:: Exercise goal ::
Only the lines that hold the word "need" are wanted from this listing.

##### Material provided #####

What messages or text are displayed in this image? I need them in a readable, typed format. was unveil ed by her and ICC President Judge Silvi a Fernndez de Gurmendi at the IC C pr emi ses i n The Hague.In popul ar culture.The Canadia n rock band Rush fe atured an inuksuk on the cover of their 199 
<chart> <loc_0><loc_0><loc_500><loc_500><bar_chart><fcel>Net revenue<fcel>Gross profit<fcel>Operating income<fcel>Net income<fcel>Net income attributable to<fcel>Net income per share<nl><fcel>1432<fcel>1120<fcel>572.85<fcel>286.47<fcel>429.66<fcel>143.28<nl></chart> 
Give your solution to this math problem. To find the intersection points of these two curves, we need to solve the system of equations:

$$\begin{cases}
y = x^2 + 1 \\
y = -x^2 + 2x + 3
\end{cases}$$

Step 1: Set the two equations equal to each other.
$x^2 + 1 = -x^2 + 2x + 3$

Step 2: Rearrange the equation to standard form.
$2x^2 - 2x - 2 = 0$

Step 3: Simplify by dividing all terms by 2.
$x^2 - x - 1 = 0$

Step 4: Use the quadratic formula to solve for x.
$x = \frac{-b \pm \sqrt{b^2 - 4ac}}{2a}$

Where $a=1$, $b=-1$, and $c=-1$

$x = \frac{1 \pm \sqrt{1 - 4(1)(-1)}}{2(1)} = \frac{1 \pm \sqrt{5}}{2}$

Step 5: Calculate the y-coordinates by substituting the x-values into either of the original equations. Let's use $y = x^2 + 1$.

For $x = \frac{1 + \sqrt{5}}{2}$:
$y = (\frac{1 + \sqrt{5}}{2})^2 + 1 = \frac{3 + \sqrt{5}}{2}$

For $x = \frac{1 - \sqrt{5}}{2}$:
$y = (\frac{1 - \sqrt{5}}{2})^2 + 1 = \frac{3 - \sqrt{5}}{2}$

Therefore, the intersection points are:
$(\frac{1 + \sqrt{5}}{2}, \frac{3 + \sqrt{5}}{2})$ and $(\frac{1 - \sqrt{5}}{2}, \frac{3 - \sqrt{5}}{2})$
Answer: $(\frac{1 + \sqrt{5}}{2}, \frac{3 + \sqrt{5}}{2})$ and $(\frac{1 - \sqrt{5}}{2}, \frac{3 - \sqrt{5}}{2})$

#####

:: Solution ::
What messages or text are displayed in this image? I need them in a readable, typed format. was unveil ed by her and ICC President Judge Silvi a Fernndez de Gurmendi at the IC C pr emi ses i n The Hague.In popul ar culture.The Canadia n rock band Rush fe atured an inuksuk on the cover of their 199 
Give your solution to this math problem. To find the intersection points of these two curves, we need to solve the system of equations:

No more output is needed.